In our case was the output of an `lm` call which only have 1 class, namely "lm":

``````class(lm(Sepal.Length ~ Sepal.Width, data = iris))
[1] "lm"
``````

`ggplot.lm` does not exist in the available methods as you correctly have noticed which leads `UseMethod` to fallback to look for a default method. That is, it looks for `ggplot.default`. Which it finds and calls.

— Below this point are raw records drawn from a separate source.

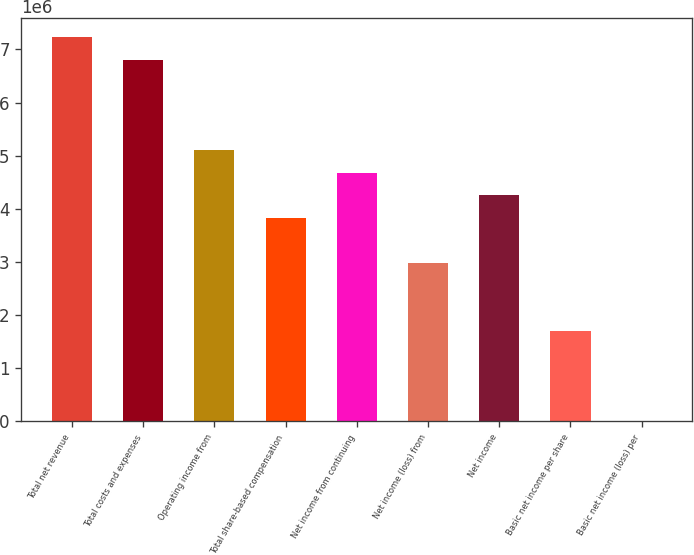<chart> <loc_0><loc_0><loc_500><loc_500><bar_chart><fcel>Total net revenue<fcel>Total costs and expenses<fcel>Operating income from<fcel>Total share-based compensation<fcel>Net income from continuing<fcel>Net income (loss) from<fcel>Net income<fcel>Basic net income per share<fcel>Basic net income (loss) per<nl><fcel>7.22844e+06<fcel>6.80324e+06<fcel>5.10243e+06<fcel>3.82682e+06<fcel>4.67723e+06<fcel>2.97642e+06<fcel>4.25203e+06<fcel>1.70081e+06<fcel>0.01<nl></chart> 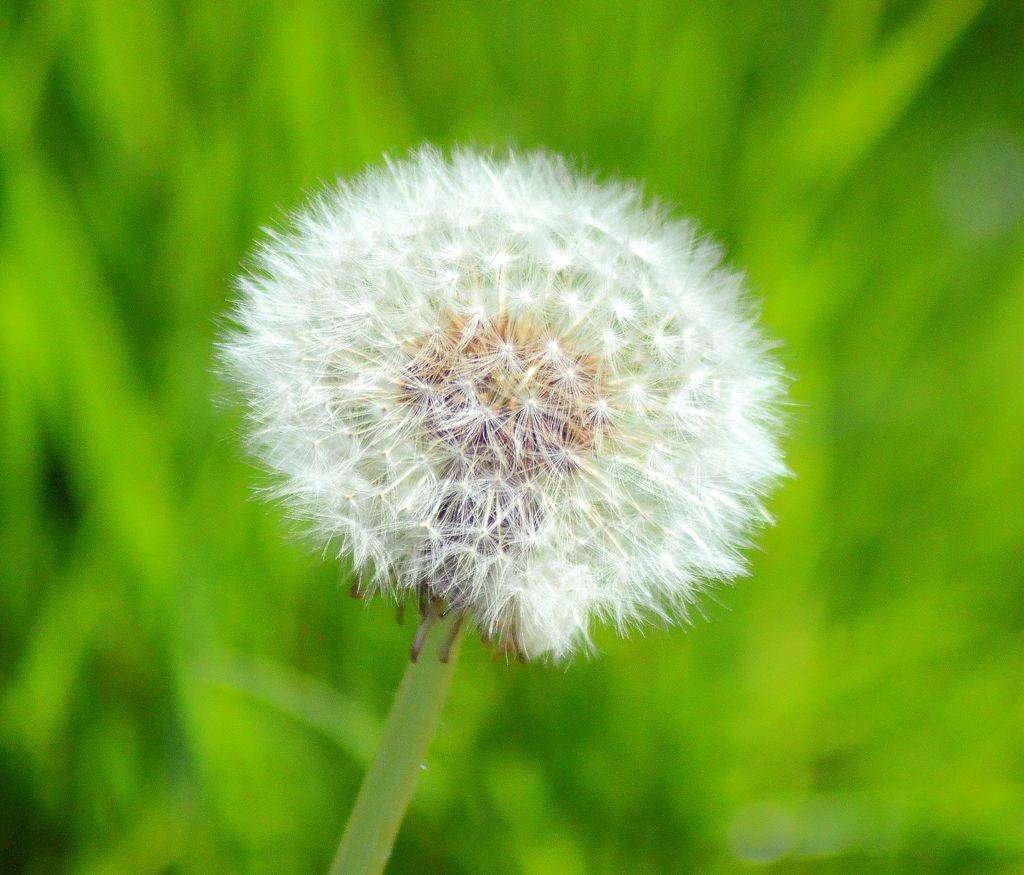What is the main subject of the image? There is a flower in the image. Can you describe the color of the flower? The flower is white in color. What can be observed about the background of the image? The background of the image is blurred. How does the flower grant wishes in the image? The flower does not grant wishes in the image, as it is a static image and not an interactive object. 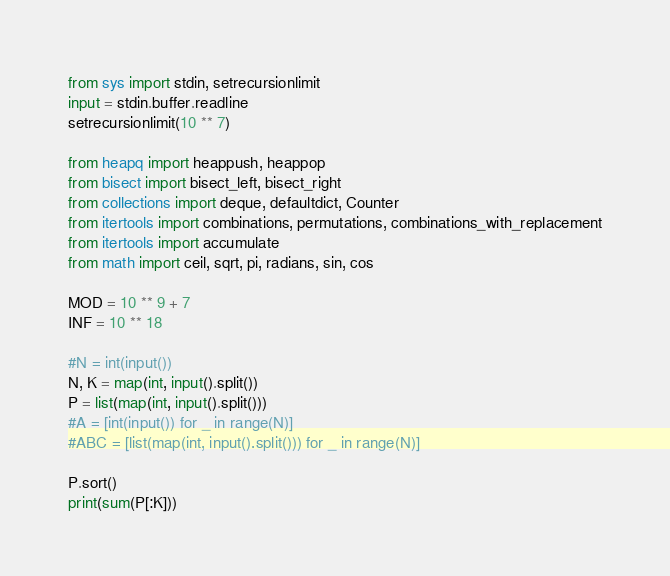<code> <loc_0><loc_0><loc_500><loc_500><_Python_>from sys import stdin, setrecursionlimit
input = stdin.buffer.readline
setrecursionlimit(10 ** 7)

from heapq import heappush, heappop
from bisect import bisect_left, bisect_right
from collections import deque, defaultdict, Counter
from itertools import combinations, permutations, combinations_with_replacement
from itertools import accumulate
from math import ceil, sqrt, pi, radians, sin, cos

MOD = 10 ** 9 + 7
INF = 10 ** 18

#N = int(input())
N, K = map(int, input().split())
P = list(map(int, input().split()))
#A = [int(input()) for _ in range(N)]
#ABC = [list(map(int, input().split())) for _ in range(N)]

P.sort()
print(sum(P[:K]))</code> 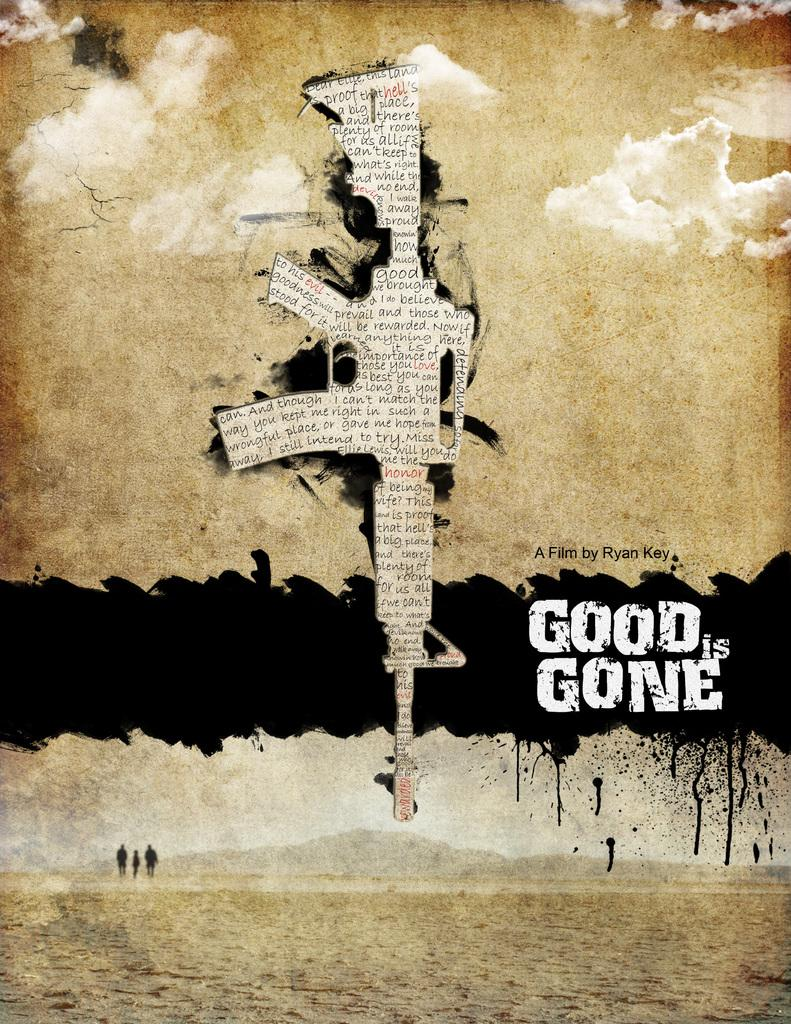<image>
Summarize the visual content of the image. A poster of the a film by Ryan Key with an image of a machine gun in the center of it. 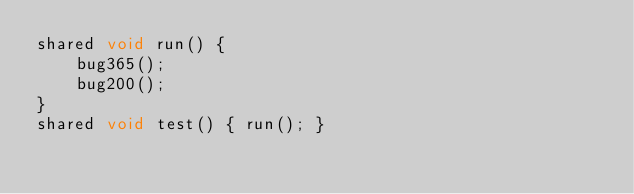<code> <loc_0><loc_0><loc_500><loc_500><_Ceylon_>shared void run() {
    bug365();
    bug200();
}
shared void test() { run(); }
</code> 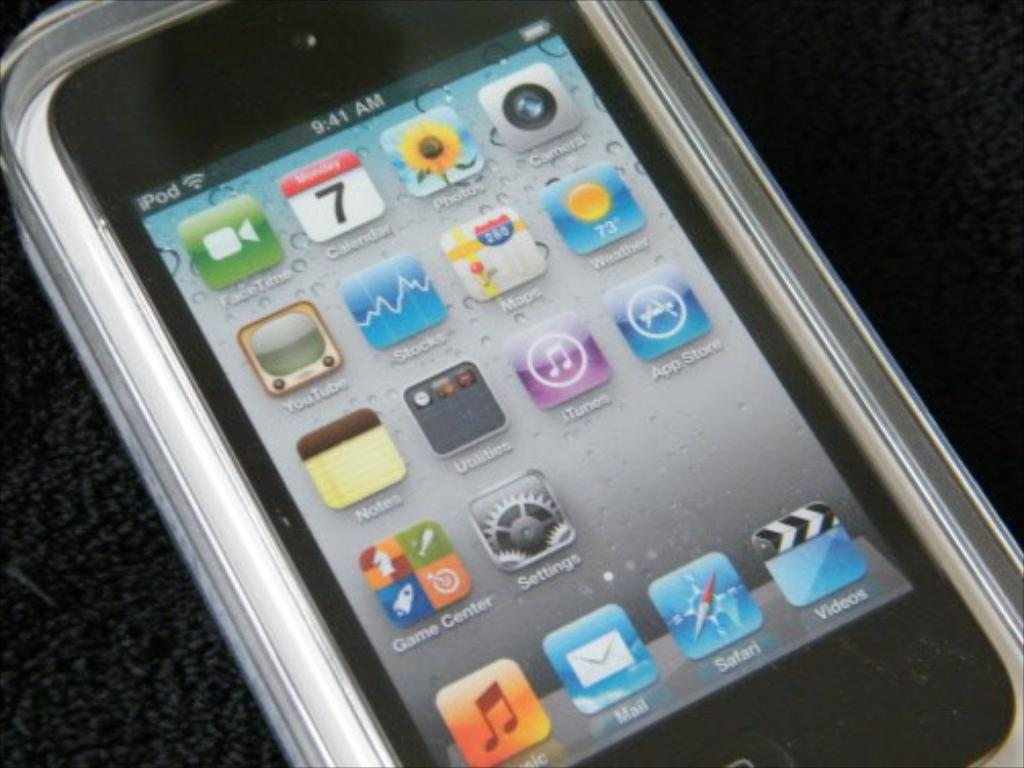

And if we look at the source code for `ggplot.default` we get the following

``````> ggplot2:::ggplot.default
function (data = NULL, mapping = aes(), ..., environment = parent.frame())
{
ggplot.data.frame(fortify(data, ...), mapping, environment = environment)
}
<environment: namespace:ggplot2>
``````

where we can see that the `data` is fed into the `fortify` function which itself is an S3 generic function

``````ggplot2:::fortify
function (model, data, ...)
UseMethod("fortify")
<environment: namespace:ggplot2>
``````

with the following methods

``````methods(fortify)
[1] fortify.cld*
[2] fortify.confint.glht*
[3] fortify.data.frame*
[4] fortify.default*
[5] fortify.function*
[6] fortify.glht*
[7] fortify.Line*
[8] fortify.Lines*
[9] fortify.lm*
[10] fortify.map*
[11] fortify.NULL*
[12] fortify.Polygon*
[13] fortify.Polygons*
[14] fortify.SpatialLinesDataFrame*
[15] fortify.SpatialPolygons*
[16] fortify.SpatialPolygonsDataFrame*
[17] fortify.summary.glht*
see '?methods' for accessing help and source code
``````

where we locate `fortify.lm` which I refered to in my last response but for completeness type out again:

``````ggplot2:::fortify.lm
function (model, data = model\$model, ...)
{
infl <- stats::influence(model, do.coef = FALSE)
data\$.hat <- infl\$hat
data\$.sigma <- infl\$sigma
data\$.cooksd <- stats::cooks.distance(model, infl)
data\$.fitted <- stats::predict(model)
data\$.resid <- stats::resid(model)
data\$.stdresid <- stats::rstandard(model, infl)
data
}
<environment: namespace:ggplot2>
``````

which extracts the necessary information, and feds that into the `ggplot.data.frame` method as it have the correct structure. Hope this was helpful

#6

Thanks! Yes, I always forget to check the default method when I don't see the specific one.

My function:

The main thing I don't like is that it doesn't work with mgcv::gam objects, and it should probably do different things for glm objects.

#7

the `geom_segment` idea is a really cool one!